In [77]:
import numpy as np
import pandas as pd
import os
import glob
import scipy.stats as stats

In [58]:
base_directory = r"C:\Users\bpali\PycharmProjects\SquashApp\previous_seasons"


### Load Schedules Data

#### Load Previous Seasons

In [59]:
# Load all seasons summary data
schedules_df_list = []
for season_folder in os.listdir(base_directory):
    season_folder_path = os.path.join(base_directory, season_folder)
    schedules_df_folder = os.path.join(season_folder_path, "schedules_df")
    for file in os.listdir(schedules_df_folder):
        if not file.endswith("schedules_df.csv"):
            continue
        file_path = os.path.join(schedules_df_folder, file)
        df = pd.read_csv(file_path)
        # Add Division column to the dataframe
        df["Division"] = file.split("_")[0]
        # Add Season column to the dataframe
        df["Season"] = season_folder

        schedules_df_list.append(df)

# Concatenate all the dataframes in df_list into one big dataframe
all_previous_schedules_df = pd.concat(schedules_df_list, ignore_index=True)

#### Load Current Season

In [60]:
all_divisions = {
    "Premier Main": 424,
    "2": 425,
    "3": 426,
    "4": 427,
    "5": 428,
    "6": 429,
    "7A": 430,
    "7B": 431,
    "8A": 432,
    "8B": 433,
    "9": 434,
    "10": 435,
    "11": 436,
    "12": 437,
    "13A": 438,
    "13B": 439,
    "14": 440,
    "15A": 441,
    "15B": 442,
    "Premier Masters": 443,
    "M2": 444,
    "M3": 445,
    "M4": 446,
    "Premier Ladies": 447,
    "L2": 448,
    "L3": 449,
    "L4": 450,
    }

In [61]:
# 2024-2025 schedules_df directory
schedules_df_dir = r"C:\Users\bpali\PycharmProjects\SquashApp\2024-2025\schedules_df"

In [62]:
schedules_dfs = []
for division in all_divisions.keys():
    for week in range(30, 0, -1):
        try:
            schedules_df = pd.read_csv(f"{schedules_df_dir}\\week_{week}\\{division}_schedules_df.csv")
            schedules_df["Season"] = "2024-2025"
            schedules_df["Division"] = division
            schedules_dfs.append(schedules_df)
            break
        except FileNotFoundError:
            continue

In [63]:
# Concatenate all the summary dataframes into one
schedules_df_2024_2025 = pd.concat(schedules_dfs)

In [64]:
# Concatenate the schedules dataframes from all seasons
all_schedules_df = pd.concat([all_previous_schedules_df, schedules_df_2024_2025], ignore_index=True)

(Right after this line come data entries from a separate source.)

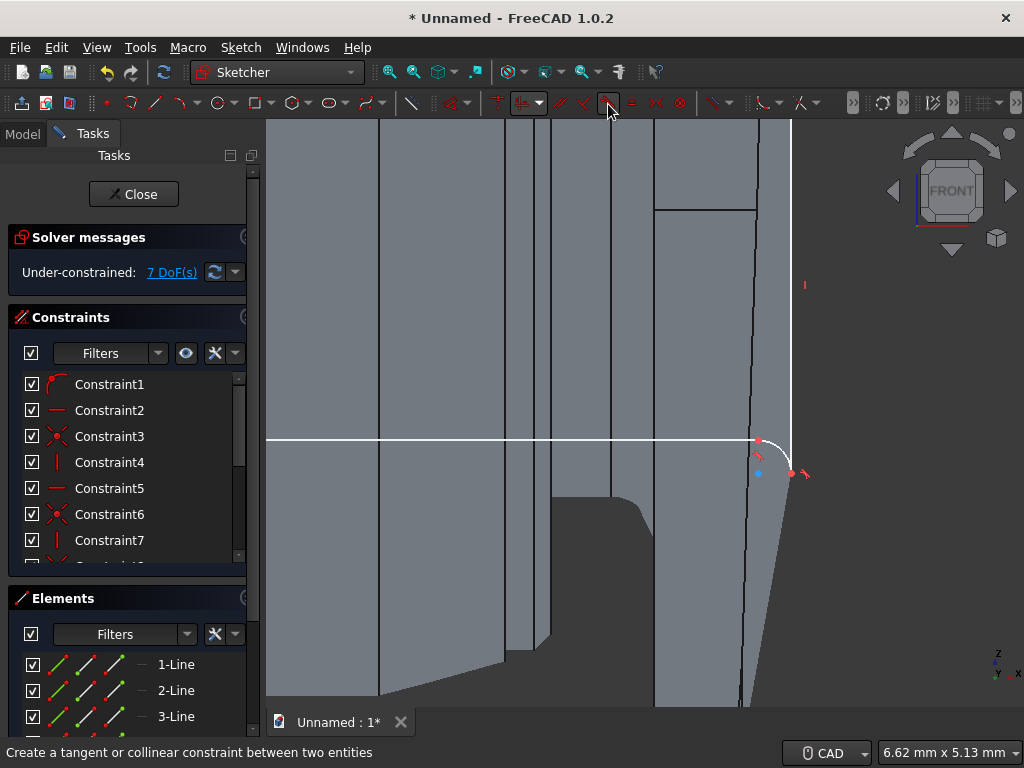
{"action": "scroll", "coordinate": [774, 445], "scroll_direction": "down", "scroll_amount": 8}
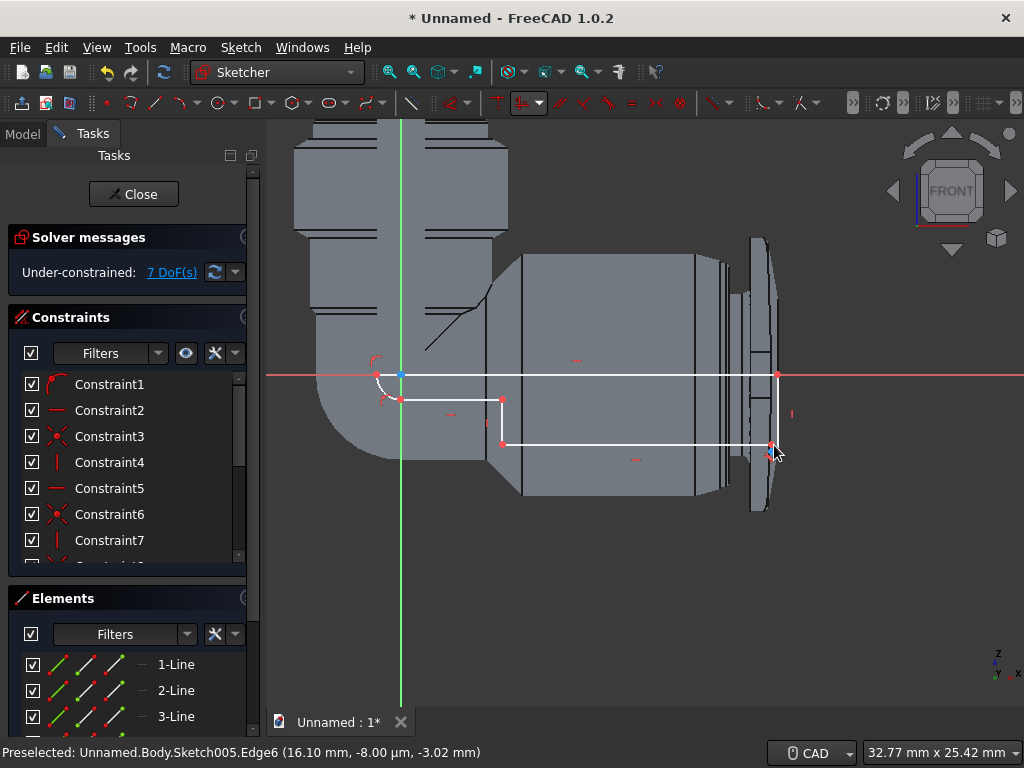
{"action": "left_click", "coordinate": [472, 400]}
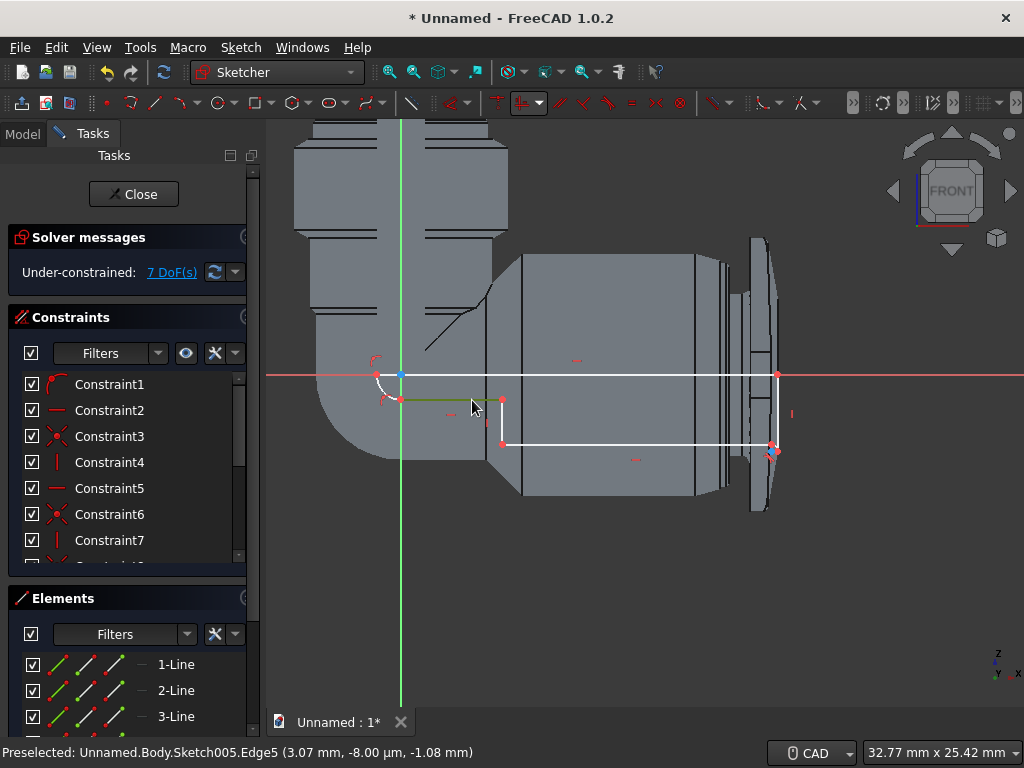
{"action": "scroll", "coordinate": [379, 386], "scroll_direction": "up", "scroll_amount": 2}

### Create Results Dataframe

In [65]:
def parse_result(result):
    """
    Function to parse the 'result' string
    """
    overall, rubbers = result.split('(')
    rubbers = rubbers.strip(')').split(',')
    return overall, rubbers

In [66]:
# Drop unnecessary columns
all_schedules_df.drop(columns=['vs', 'Time'], inplace=True)

# Exclude rows where 'Away Team' is '[BYE]' (indicative of a bye week)
results_df = all_schedules_df[all_schedules_df['Away Team'] != '[BYE]'].copy()

# Replace NaN values in 'Result' with an empty string before applying str.contains
results_df['Result'] = results_df['Result'].fillna('')

# Keep rows where 'Result' contains brackets (indicative of a played match)
results_df = results_df[results_df['Result'].str.contains(r'\(')]

# Apply the function to the 'Result' column
results_df[['Overall Score', 'Rubbers']] = results_df['Result'].apply(lambda x: pd.Series(parse_result(x)))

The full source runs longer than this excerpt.